First and Second Triplets of Solid Benzene

Abstract

Absorption spectra have been taken of the O2-perturbed first (3B1u) and second (3E1u) triplets of solid benzene at 4.2°K. Spectra of both C6H6 and C6D6 were obtained. The (0–0) bands of the first triplet occur at 29 674±25 cm−1 for C6H6 and 29 851±25 cm−1 for C6D6. For the second triplet they lie at 36 560 cm−1±50 for C6H6 and 36 784±50 cm−1 for C6D6. The result for the first triplet of C6H6 compares very favorably with Evans' gas-phase O2-perturbed spectrum. It is also in satisfactory agreement with Nieman's accurate phosphorescence measurements on isotopic mixed crystals of benzene which place the C6H6 (0, 0) band position in the crystal at 29 657.1 cm−1. Many precautions were taken to eliminate the possibility of mis identification of the second triplet.

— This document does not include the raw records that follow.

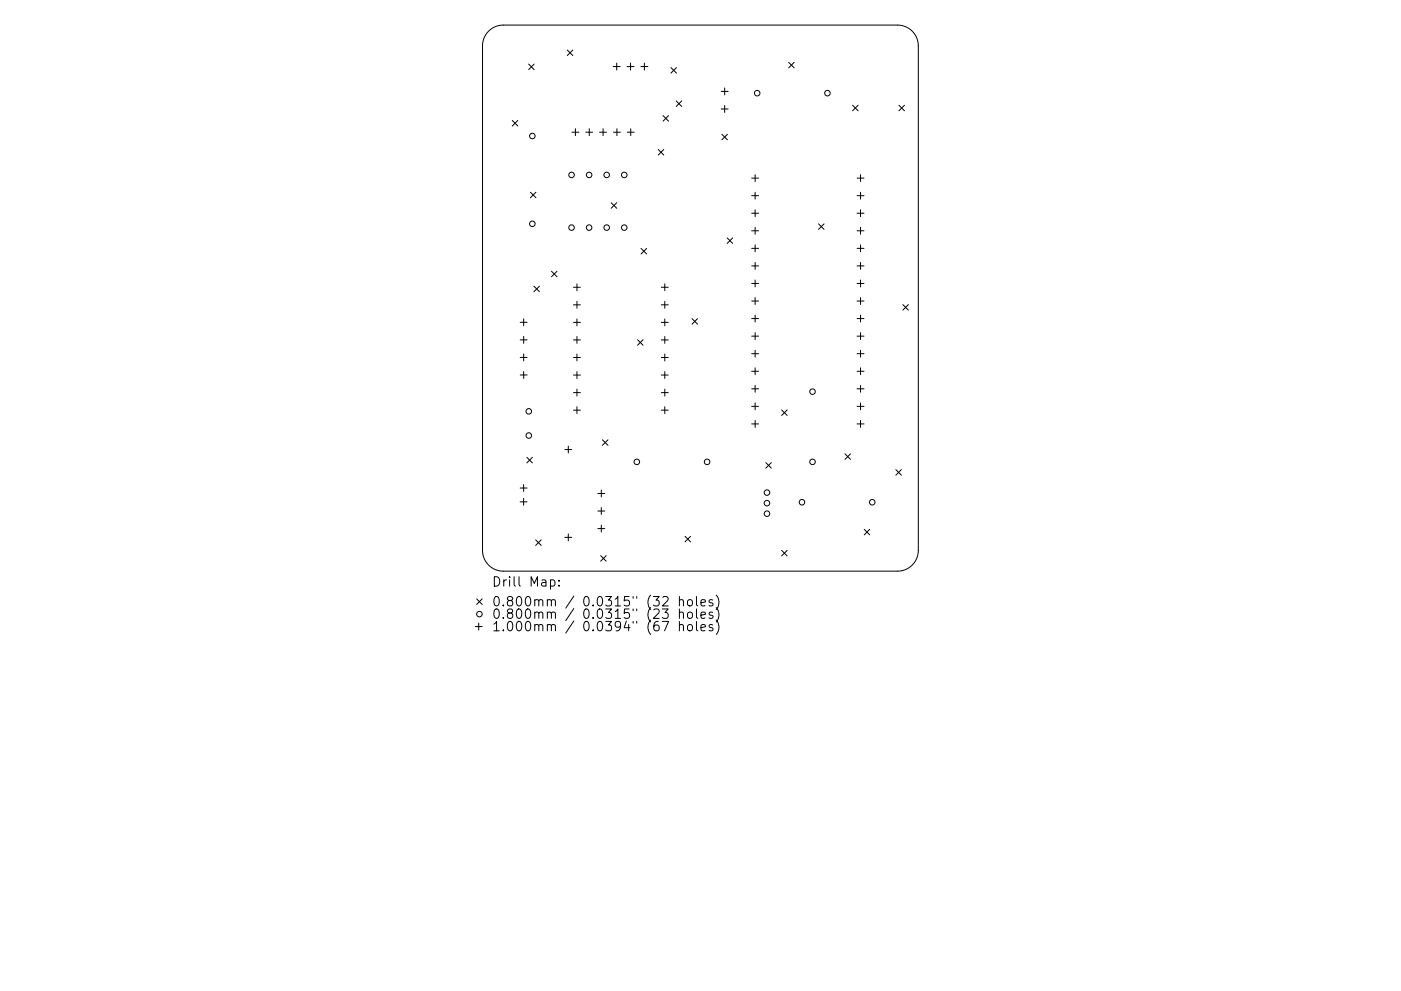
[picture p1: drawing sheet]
<svg xmlns="http://www.w3.org/2000/svg" width="297mm" height="210mm" viewBox="0 0 297 210" stroke-linecap="round" stroke-linejoin="round" font-family="sans-serif">
<defs><g id="words">
<g font-size="2.8">
<text x="104.2" y="124.5">Drill Map:</text>
<text x="104.2" y="128.7">0.800mm / 0.0315&quot; (32 holes)</text>
<text x="104.2" y="131.3">0.800mm / 0.0315&quot; (23 holes)</text>
<text x="104.2" y="133.9">1.000mm / 0.0394&quot; (67 holes)</text>
</g>
</g></defs>
<g fill="none" stroke="#000" stroke-width=".21">
<path d="M103.6 6.6a4.4 4.4 0 0 1 3.1-1.3h83.6a4.4 4.4 0 0 1 4.4 4.4v107.1a4.4 4.4 0 0 1-4.4 4.4h-83.6a4.4 4.4 0 0 1-4.4-4.4v-107.1a4.4 4.4 0 0 1 1.3-3.1zM112.1 13.6l1.2 1.2M113.3 13.6l-1.2 1.2M120.3 10.6l1.1 1.2M121.4 10.6l-1.1 1.2M130 14.1h1.5M130.8 13.4v1.5M133 14.1h1.4M133.7 13.4v1.5M135.9 14.1h1.5M136.6 13.4v1.5M142.3 14.3l1.1 1.2"/>
<path d="M143.4 14.3l-1.1 1.2M152.9 19.4h1.5M153.6 18.7v1.4M167.2 13.2l1.2 1.2M168.4 13.2l-1.2 1.2M108.6 25.6l1.2 1.1M109.8 25.6l-1.2 1.1M121.3 28h1.4M122 27.3v1.5M124.2 28h1.5M124.9 27.3v1.5M127.1 28h1.5"/>
<path d="M127.9 27.3v1.5M130.1 28h1.4M130.8 27.3v1.5M133 28h1.5M133.7 27.3v1.5M139.6 31.7l1.1 1.2M140.6 24.5l1.2 1.2M140.7 31.7l-1.1 1.2M141.8 24.5l-1.2 1.2M143.4 21.4l1.1 1.2M144.5 21.4l-1.1 1.2M152.9 23.1h1.5"/>
<path d="M153.1 28.5l1.1 1.2M153.6 22.4v1.5M154.2 28.5l-1.1 1.2M159.4 37.8h1.4M160.1 37.1v1.4M180.8 22.3l1.1 1.2M181.7 37.8h1.5M181.9 22.3l-1.1 1.2M182.5 37.1v1.4M190.6 22.3l1.2 1.2M191.8 22.3l-1.2 1.2M112.5 40.8l1.1 1.2"/>
<path d="M113.6 40.8l-1.1 1.2M116.9 57.5l1.2 1.2M118.1 57.5l-1.2 1.2M129.6 43l1.2 1.2M130.8 43l-1.2 1.2M135.9 52.7l1.2 1.2M137.1 52.7l-1.2 1.2M154.2 50.5l1.1 1.1M155.3 50.5l-1.1 1.1M159.4 41.5h1.4M159.4 45.2h1.4M159.4 49h1.4"/>
<path d="M159.4 52.7h1.4M159.4 56.4h1.4M160.1 40.8v1.4M160.1 44.5v1.5M160.1 48.2v1.5M160.1 52v1.4M160.1 55.7v1.4M160.1 59.4v1.5M173.5 47.5l1.2 1.2M174.7 47.5l-1.2 1.2M181.7 41.5h1.5M181.7 45.2h1.5"/>
<path d="M181.7 49h1.5M181.7 52.7h1.5M181.7 56.4h1.5M182.5 40.8v1.4M182.5 44.5v1.5M182.5 48.2v1.5M182.5 52v1.4M182.5 55.7v1.4M182.5 59.4v1.5M110.3 68.4h1.5M110.3 72.1h1.5M110.3 75.8h1.5"/>
<path d="M110.3 79.6h1.5M111 67.7v1.4M111 71.4v1.4M111 75.1v1.5M111 78.8v1.5M113.2 60.7l1.2 1.2M114.4 60.7l-1.2 1.2M121.6 68.4h1.5M121.6 75.8h1.5M121.6 79.6h1.5M121.6 60.9h1.5M121.6 64.7h1.5"/>
<path d="M121.6 72.1h1.5M122.3 60.2v1.5M122.3 63.9v1.5M122.3 67.7v1.4M122.3 71.4v1.5M122.3 75.1v1.5M122.3 78.8v1.5M135.2 72.1l1.1 1.1M136.3 72.1l-1.1 1.1M140.2 68.4h1.5M140.2 75.8h1.5M140.2 79.6h1.5"/>
<path d="M140.2 60.9h1.5M140.2 64.7h1.5M140.2 72.1h1.5M140.9 60.2v1.5M140.9 63.9v1.5M140.9 67.7v1.4M140.9 71.4v1.5M140.9 75.1v1.5M140.9 78.8v1.5M146.7 67.6l1.2 1.2M147.9 67.6l-1.2 1.2M159.4 60.1h1.4"/>
<path d="M159.4 63.9h1.4M159.4 67.6h1.4M159.4 71.3h1.4M159.4 75h1.4M159.4 78.8h1.4M160.1 63.1v1.5M160.1 66.9v1.4M160.1 70.6v1.4M160.1 74.3v1.5M160.1 78v1.5M181.7 60.1h1.5M181.7 63.9h1.5"/>
<path d="M181.7 67.6h1.5M181.7 71.3h1.5M181.7 75h1.5M181.7 78.8h1.5M182.5 63.1v1.5M182.5 66.9v1.4M182.5 70.6v1.4M182.5 74.3v1.5M182.5 78v1.5M191.4 64.6l1.2 1.2M192.6 64.6l-1.2 1.2M111.7 97l1.2 1.2"/>
<path d="M112.9 97l-1.2 1.2M119.8 95.4h1.4M120.5 94.7v1.4M121.6 83.3h1.5M121.6 87h1.5M122.3 82.6v1.4M122.3 86.3v1.5M127.7 93.3l1.2 1.2M128.9 93.3l-1.2 1.2M140.2 83.3h1.5M140.2 87h1.5M140.9 82.6v1.4"/>
<path d="M140.9 86.3v1.5M159.4 82.5h1.4M159.4 86.2h1.4M159.4 89.9h1.4M160.1 81.8v1.4M160.1 85.5v1.4M160.1 89.2v1.5M162.4 98.2l1.1 1.1M163.5 98.2l-1.1 1.1M165.7 87l1.2 1.1M166.9 87l-1.2 1.1M179.2 96.3l1.1 1.2"/>
<path d="M180.3 96.3l-1.1 1.2M181.7 82.5h1.5M181.7 86.2h1.5M181.7 89.9h1.5M182.5 81.8v1.4M182.5 85.5v1.4M182.5 89.2v1.5M189.9 99.6l1.2 1.2M191.1 99.6l-1.2 1.2M110.3 103.5h1.4M110.3 106.5h1.4M111 102.8v1.5"/>
<path d="M111 105.7v1.5M113.6 114.5l1.1 1.2M114.7 114.5l-1.1 1.2M119.8 114h1.4M120.5 113.3v1.4M126.8 104.7h1.4M126.8 108.4h1.4M126.8 112.1h1.4M127.4 117.9l1.1 1.2M127.5 104v1.4M127.5 107.7v1.5M127.5 111.4v1.5"/>
<path d="M128.5 117.9l-1.1 1.2M145.2 113.8l1.2 1.2M146.4 113.8l-1.2 1.2M165.7 116.8l1.2 1.1M166.9 116.8l-1.2 1.1M183.2 112.3l1.2 1.2M184.4 112.3l-1.2 1.2M100.8 132.9h1.4M101.1 127.1l1.1 1.1M101.5 132.2v1.5M102.2 127.1l-1.1 1.1M116.7 123.1l.6-.1 .4 .4v.6l-.2 .3h-.8"/>
<path d="M118.5 124.2v.2M118.5 123.1v.2M140.4 129.2h1.3l-.7 .8a.54 .54 0 0 1 .7 .3v.5l-.2 .3-.8 .1-.3-.2M140.4 131.8h1.4l-.9 2M140.5 126.7l.3-.1 .7 .1a.54 .54 0 0 1 .1 .7l-1.2 1.2h1.3M144 127.4l.3-.2 .5 .1 .1 1.3M144 130.1a.5 .5 0 0 1 .9 0v1.1M144 132.7a.5 .5 0 0 1 .9 .1v1M144 126.6v2M144 129.2v2M144 131.8v2M145.9 127.4l.2-.2a.54 .54 0 0 1 .7 .4v.6a.54 .54 0 0 1-.5 .4 .54 .54 0 0 1-.5-.4z"/>
<path d="M145.9 130.1a.54 .54 0 0 1 .5-.2 .54 .54 0 0 1 .4 .3v.6a.54 .54 0 0 1-.5 .4 .54 .54 0 0 1-.5-.4zM145.9 132.7a.54 .54 0 0 1 .5-.2 .54 .54 0 0 1 .4 .4v.6a.54 .54 0 0 1-.5 .4 .54 .54 0 0 1-.5-.4zM147.7 126.6v1.7l.3 .3M147.7 129.2v1.7l.3 .3M147.7 131.8v1.8l.3 .2M148.6 127.9l1-.2-.1-.4-.6-.1-.3 .3 .1 1h.8M148.6 130.5l1-.2-.1-.3-.6-.1-.3 .2 .1 1h.8M148.6 133.2l1-.2-.1-.4-.6-.1-.3 .3 .1 .9h.8M151.1 127.3l-.5-.1-.3 .3 .1 .3 .7 .2v.5h-.8M151.1 130l-.5-.1-.3 .2 .1 .3 .7 .2v.5h-.8M151.1 132.6l-.5-.1-.3 .3 .1 .3 .7 .2v.4h-.8M151.9 126.3a2.29 2.29 0 0 1 0 3"/>
<path d="M151.9 128.9a2.29 2.29 0 0 1 0 3.1M151.9 131.6a2.29 2.29 0 0 1 0 3"/>
<circle cx="160.5" cy="19.8" r=".59"/>
<circle cx="175.4" cy="19.8" r=".59"/>
<circle cx="112.9" cy="28.9" r=".59"/>
<circle cx="121.2" cy="37.1" r=".59"/>
<circle cx="124.9" cy="37.1" r=".59"/>
<circle cx="128.6" cy="37.1" r=".59"/>
<circle cx="132.4" cy="37.1" r=".59"/>
<circle cx="112.9" cy="47.5" r=".59"/>
<circle cx="121.2" cy="48.3" r=".59"/>
<circle cx="124.9" cy="48.3" r=".59"/>
<circle cx="128.6" cy="48.3" r=".59"/>
<circle cx="132.4" cy="48.3" r=".59"/>
<circle cx="112.1" cy="87.3" r=".59"/>
<circle cx="112.1" cy="92.4" r=".59"/>
<circle cx="135" cy="98" r=".59"/>
<circle cx="149.9" cy="98" r=".59"/>
<circle cx="172.3" cy="83.1" r=".59"/>
<circle cx="172.3" cy="98" r=".59"/>
<circle cx="162.6" cy="109" r=".59"/>
<circle cx="162.6" cy="104.5" r=".59"/>
<circle cx="162.6" cy="106.7" r=".59"/>
<circle cx="170" cy="106.6" r=".59"/>
<circle cx="184.9" cy="106.6" r=".59"/>
<circle cx="101.6" cy="130.3" r=".59"/>
</g>
<use href="#words"/>
</svg>

The observation that the O2-enhanced first triplet and the O2-enhanced bands in the 36 600-cm−1 region always appear together and with approximately the same relative intensities is considered to be the best evidence for the assignment. However, the rather broad structure obtained by the O2-perturbation technique does not allow all the uncertainties in the identification to be completely removed, nor does it allow a detailed study of this interesting state. A detailed evaluation of the purity of the benzene is made, and a method is described for the preparation of material having ultrahigh spectroscopic purity. Crystals, up to 5 cm in length, of this very highly purified C6H6 and C6D6 were studied at 4.2°K to ascertain if the singlet—triplet absorptions could be seen in the absence of a perturbation. The long crystals showed some sharp and some broad (Δν≈150 cm−1) absorptions starting at 36 947±50 cm−1 in C6H6 and at 37 147±50 cm−1 in C6D6. The broad absorptions correlate reasonably well with the features assigned to the second triplet in the O2-perturbation experiments. The first triplet is too weak to be observed in the long-crystal experiments. The position of the second triplet lies about 3000 cm−1 above that given by the Pariser—Parr calculation. This places the second triplet about nine-tenths rather than half of the distance from the lowest triplet to the lowest excited singlet.